Sunday Morning…

This week has been a challenging one for me. Social media and the news have not been pleasant.

Small towns is Texas are not the only one with racism, sexism, and crooked cops.

As someone who lived in Texas for twelve years, and Sebida for four, as well as Los Angeles, and the UK for fifteen, I have seen some shit. And yes, much of it comes out in my writing.

But I lived in Sebida a quarter of a century ago. And it was small town Texas.

I think our mind balks sometimes when it is confronted with lack of progress. And that has been me this week.

Because in London, England, a metropolitan city of over nine million people, in 2021…

  • Someone, and it does not even matter that they are royal, asks an expectant first time father ‘how dark’ his unborn baby maybe?
  • An intelligent, strong, and independent woman is forced to surrender her keys, wallet, and passport to her in-laws?
  • And yes, a young woman was murdered by a corrupt cop. To make that one worse, he had been investigated for indecent exposure? And victim blaming is pointing a finger at her for walking alone after dark?

So, no, folks, evil does not reside in Sebida, Texas alone.

I make no bones about the fact that growing up in the South in the seventies, my family was racist. The last time I visited them over a decade ago, they still are. I could not wait to become an adult and escape that little mill village. And those small minds.

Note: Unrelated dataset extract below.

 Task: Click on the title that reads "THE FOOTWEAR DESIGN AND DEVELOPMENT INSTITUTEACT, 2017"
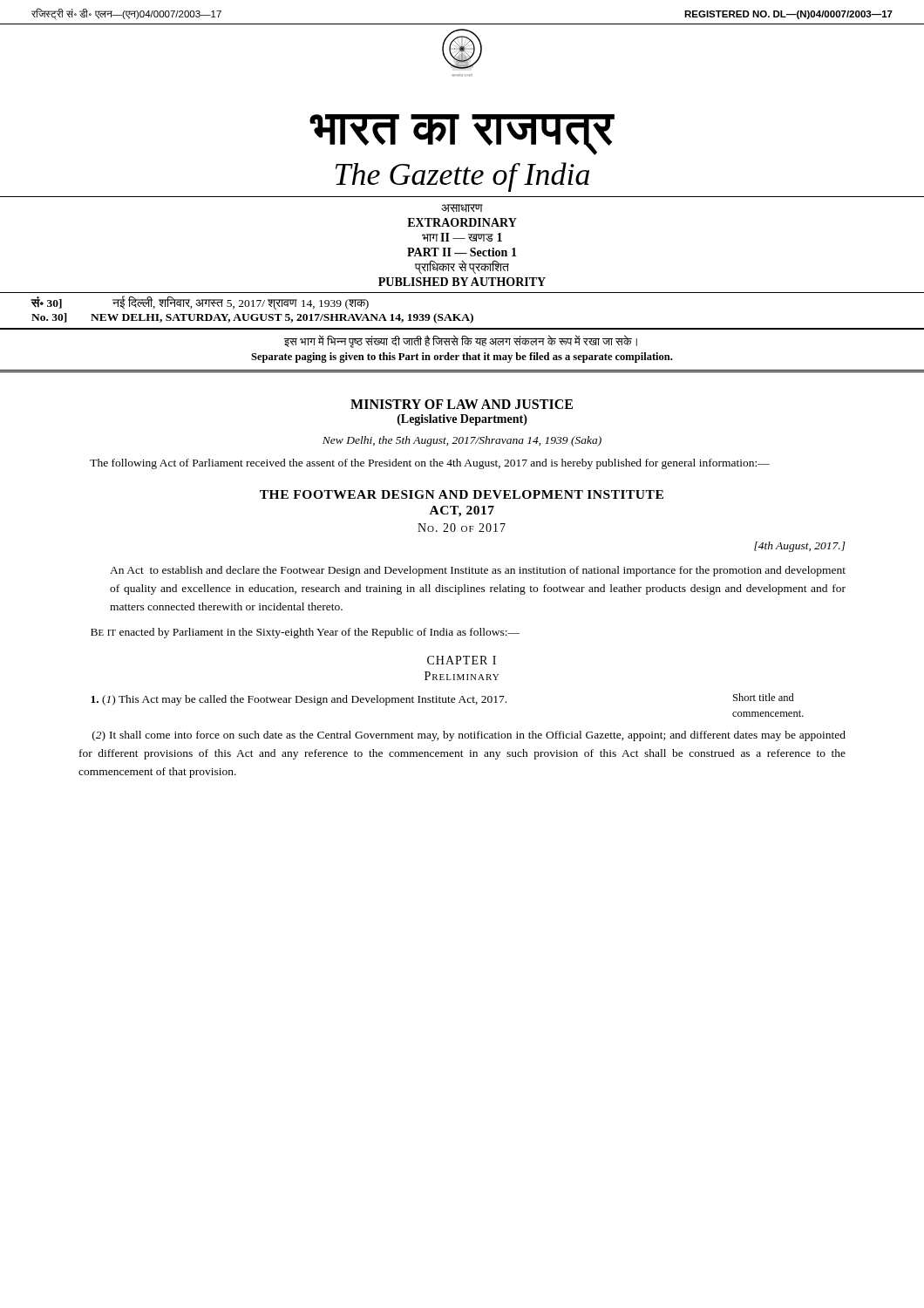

I spent my late teens and early twenties drifting. Cancun, Mexico. Fort Lauderdale, Florida. Baltimore, Maryland. In my early twenties, I married my first husband and started a family. My first husband was what my family called a Yankee, college-edu-me-cated fool. But I adored his stoic, lesbian mother, despite her flaws. I wasn’t so sure of his father and baby sister who looked down their noses at me.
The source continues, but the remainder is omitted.